The multi-centre world first trials, conducted in conjunction with Asbestos Diseases Research Institute (ADRI), Chris O’Brien Lifehouse, Northern Cancer Institute, Royal Prince Alfred Hospital, Concord Repatriation General Hospital and the University of Sydney, delivered microRNA (miRNA), a genetic material. ADRI scientists Glen Reid and Nico van Zandwijk identified these as missing in MPM patients.
Cancer can spread when microRNAs, which regulate a number of cell functions, are abnormal or missing. It is the first time a targeted nanotherapeutic approach to microRNA replacement is being tested in patients with MPM.
The trial is an exploratory Phase 1 study of ‘TargomiRs’, administered in escalating doses by intravenous infusion in patients with MPM who failed to respond to standard therapy. It aims to establish the optimal dose of TargomiRs and to detect early signs of disease stabilisation.
TargomiRs consist of EnGeneIC’s antibody-guided EDV nanocells packaged with miR-16-based microRNAs. To deliver the missing microRNAs, the EDV nanocells are designed to specifically target the epidermal growth factor receptor found on MPM cells.
After failing three chemotherapy regimens, 51-year-old plumber Bradley Selmon entered the MesomiR-1 study, along with five others. The cohort received eight weekly infusions and was assessed in Week 9.

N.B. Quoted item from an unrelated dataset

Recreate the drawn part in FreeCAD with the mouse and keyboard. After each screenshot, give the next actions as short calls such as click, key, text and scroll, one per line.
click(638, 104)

At the end of the study period at the Chris O’Brien Lifehouse, under the care of medical oncologist Dr Steven Kao, a near-complete response was evident on Selmon’s PET and CT scans, with improved respiratory function. More significantly, he only experienced minor toxicities, including shivers, transient chills, low-grade fever, fatigue and headache.
Of the five additional patients in the first cohort, four have achieved stable disease levels and one progressive disease.

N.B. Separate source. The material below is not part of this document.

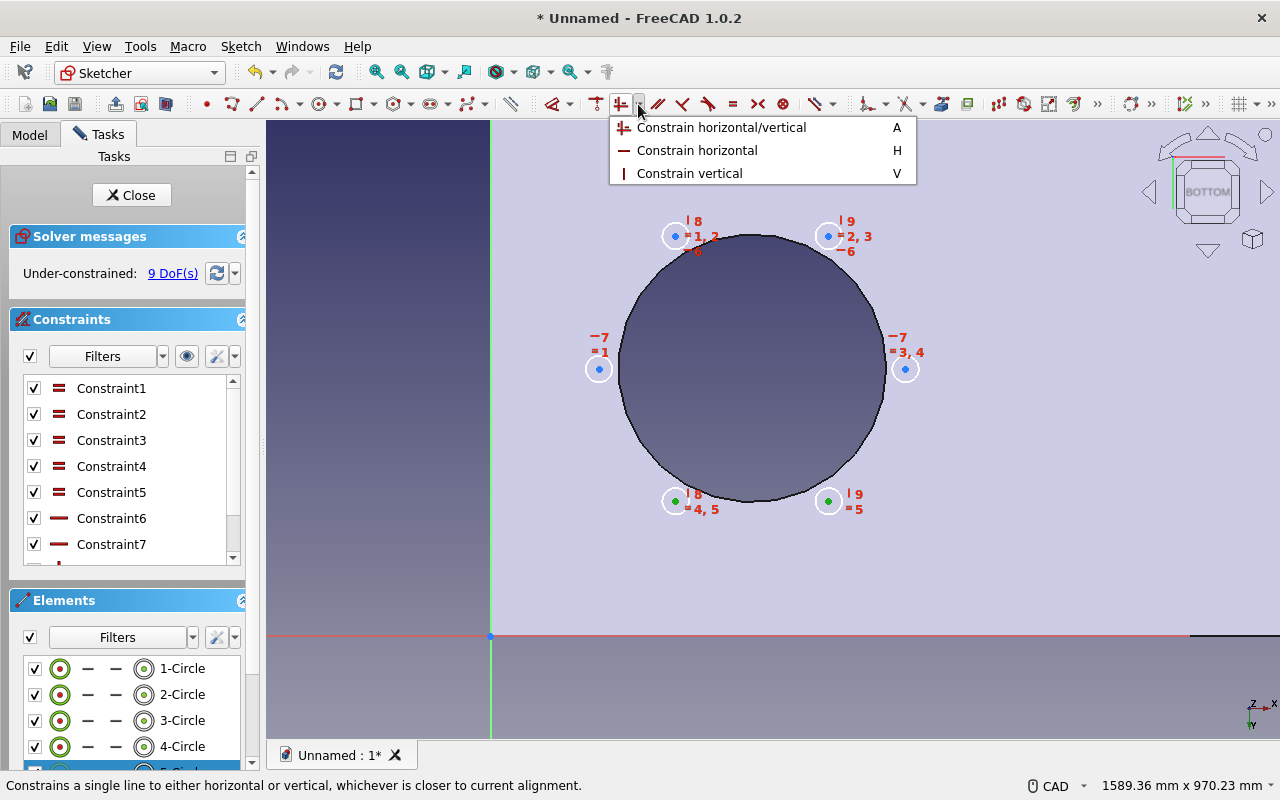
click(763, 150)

“We are particularly pleased with the improvement in quality of life for the patients, given the dose was at its lowest strength. In addition to showcasing the potential of TargomiRs in MPM, the results also serve to demonstrate the platform nature and versatility of EnGeneIC’s targeted EDV nanocells. In previous Phase 1 clinical studies, the EDV nanocells have been used to also deliver cytotoxic drugs,” Dr Brahmbhatt told Indian Link.

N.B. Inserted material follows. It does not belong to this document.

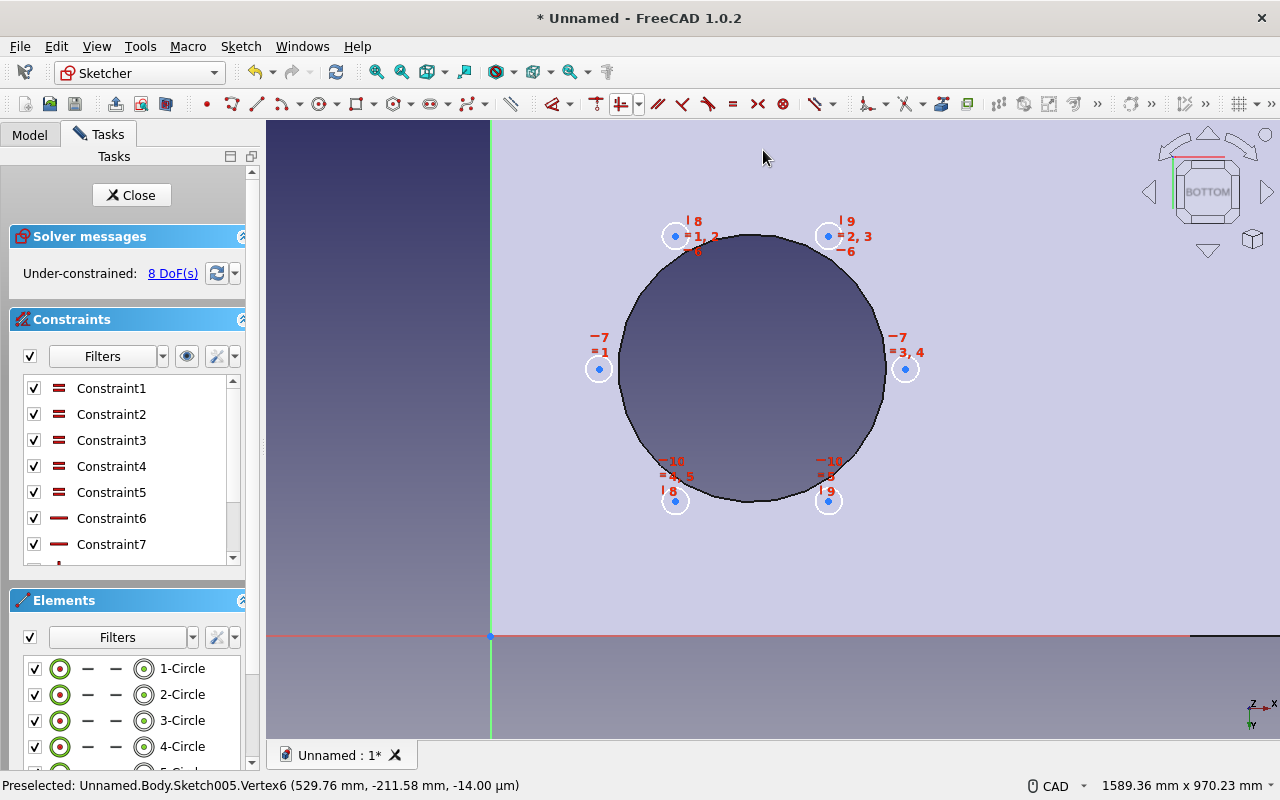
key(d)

How does EDV work where other therapies or drugs have failed before?
Intended to sidestep major drawbacks of standard chemotherapy such as lack of cell specificity, substantial side effects and resistance developed by cancer cells, the EnGeneIC method uses minicells generated from mutant bacteria unlike its synthetic counterparts, to deliver a variety of agents to tumor cells, including both anticancer toxins and mechanisms for suppressing the genes that make tumours resistant to toxins.
Coated with antibodies that direct them towards tumour, the mini-cells pinch off small bubbles of cell membrane each time they divide. The tumour cells engulf and destroy the minicells, a standard defence against bacteria, and in doing so are exposed to whatever cargo the minicells carry.
The blood vessels around tumours tend to be leaky, allowing minicells to enter, explained Dr Brahmbhatt. The minicells do not seem to be highly provocative to the immune system, even though they are made of bacterial cell membrane. The reason may be that antibodies with which they are coated mask the aggravating parts of the membrane, he added.
The method of attacking cancer cells has previously proved surprisingly effective in animal tests involving lab rats and later monkeys and dogs with advanced brain cancer. This method is also extremely cost effective.
Buoyed by the success, EnGeneIC is in talks with oncologists and regulators worldwide and plans to undertake clinical trials in several cancer indications in Australia and USA with its lead drug EGFREDVDOX.
“Fourteen years ago, we embarked on this ambitious journey with just an idea,” Dr Brahmbhatt said. “Nature had all the answers; we only harnessed its potential. This has been ENGeneIC’s biggest asset.”